とはいえ、試合の序盤10分はポーランドがペースを握ります。ポーランドがプラニッチが上がった隙を狙い、9分にロボジンスキの危険な右クロスが入るものの、ルニェがパンチング。この際にクネジェヴィッチがルニェと衝突して左足膝の靭帯を痛めてしまいます。その後もクネジェヴィッチは痛みに耐えながらプレーしましたが、27分にチョルルカと交代。チョルルカは右SBではなく、そのままセンターバックの位置に入りました。ちなみにクネジェヴィッチの大会中の復帰が無理となり、ビリッチ監督は「大きなハンディキャップ」と嘆いています。

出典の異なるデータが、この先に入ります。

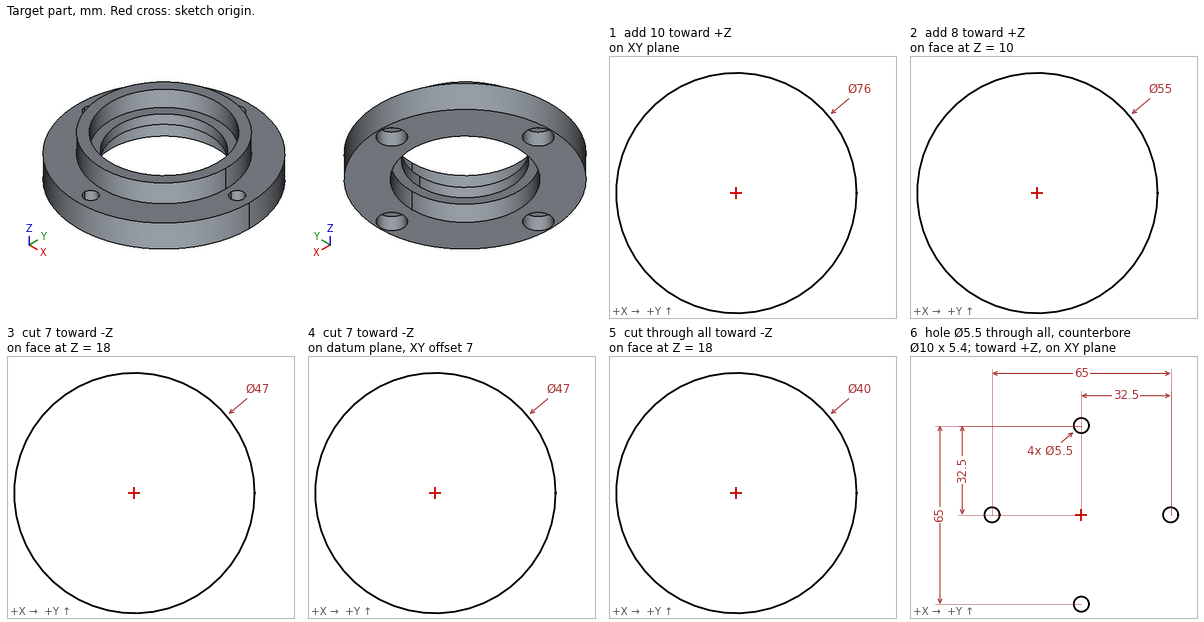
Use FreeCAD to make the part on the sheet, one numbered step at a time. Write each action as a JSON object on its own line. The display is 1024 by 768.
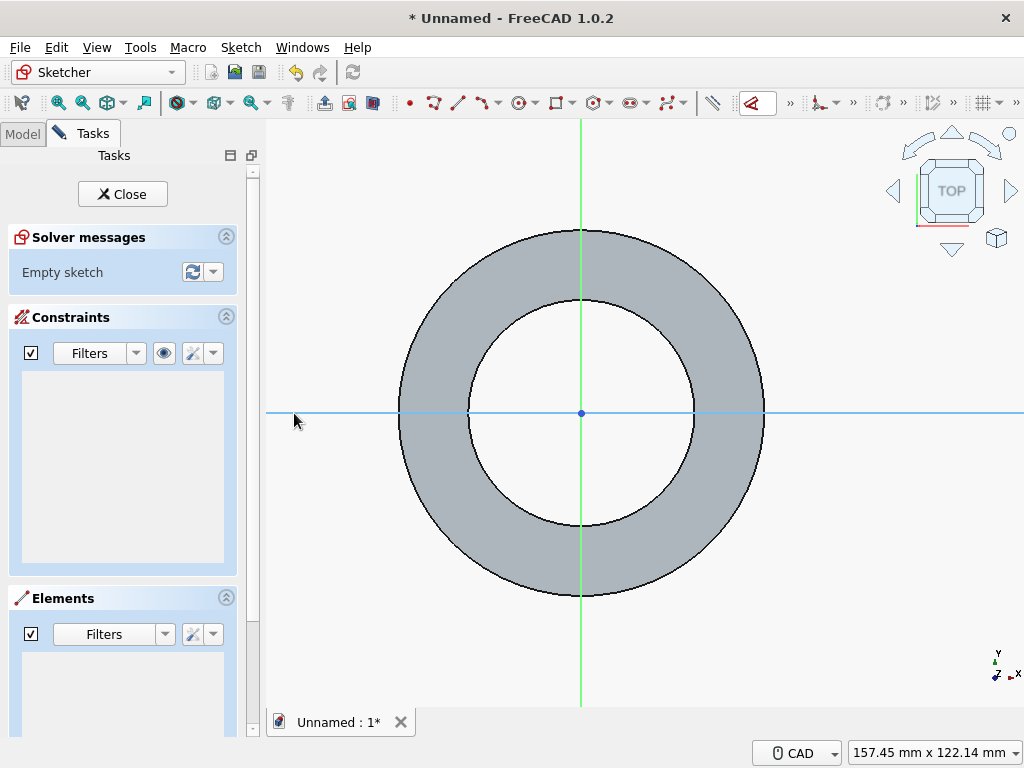
{"action": "key", "text": "g c"}

試合に戻りましょう。クロアチアは中盤のボールの奪い合いを制し、10分過ぎからゲームをコントロールするようになると、攻撃の形を次第に作っていきます。とりわけ、唯一の司令塔とも言えるラキティッチがリズムを与えていきました。シュートに結びつかなったとはいえ、14分にはクラスニッチのスルーパスからプラニッチが左サイドのスペースを突いてクロス。20分、ラキティッチの右FKにヴェイッチがヘディングシュートを試みますが、ボールはわずかに左ポストを逸れていきます。
ビッグチャンスは32分に訪れます。ペトリッチとのワンツーで抜け出したクラスニッチがGKボルツと一対一となり、左足でシュートするもののボルツがセーブ。37分にも左のスペースに走り込んだプラニッチがペトリッチのパスを受けてシュートするも、これもボルツがセーブします。39分にはペトリッチ、44分にはレコがミドルシュートを放つものの、それぞれポストを逸れていきます。
「ボルツが素晴らしいGKでなければ、既に前半で2-0とリードできていた」
こうビリッチ監督が語ったように(ちなみに試合後、ビリッチは息子に頼まれてボルツのユニフォームをお願いしていました)、ロスタイムにもクラスニッチが縦のボールを前にして二人のDFを背にし、それぞれをかわして最後はマイボールにしてボルツと一対一になったものの、これまたボルツが足を伸ばしてセーブします(写真)。幾つものチャンスを作ったとはいえ、スコアレスで前半を折り返します。
後半に入って直ぐ、ドイツがオーストリアに先制したことがスタジアムの大画面に表示されます。これでポーランドは気落ちしたのか、53分、とうとうクロアチアに先制点が訪れます。ルーズボールの競合いでクラスニッチがワシレブスキに倒されるものの、審判はアドバンテージを取り、ボールを拾ったプラニッチが左から持ち込んで、最後は立ち上がったクラスニッチへラストパス。「キラー」の愛称にふさわしい彼らしいゴールでした。ノートラップで左足を振り抜くと、ボールは高スピードで右ネットに突き刺さります。腎臓移植の困難を乗り越え、代表における2年ぶりのゴールでした(写真左から二人目)。
「ネットにボールが収まったのを見た時、健康を勝ち取るための力とモチベーションを与えてくれた妻子や両親、弟のことを思い浮かべた。僕は自分の幸運をサポーターと分け合いたかった。彼らもまた応援してくれただけにね。人間は再び戻ってこれること、希望はいつも存在することを僕は世界に示すことができたんだ」
クラスニッチは試合後、声を震わせながらミックスゾーンで語ったそうです。このゴールは単なる一点ではなく、クラスニッチが決めたということでチームの士気を特別に高める一点となりました。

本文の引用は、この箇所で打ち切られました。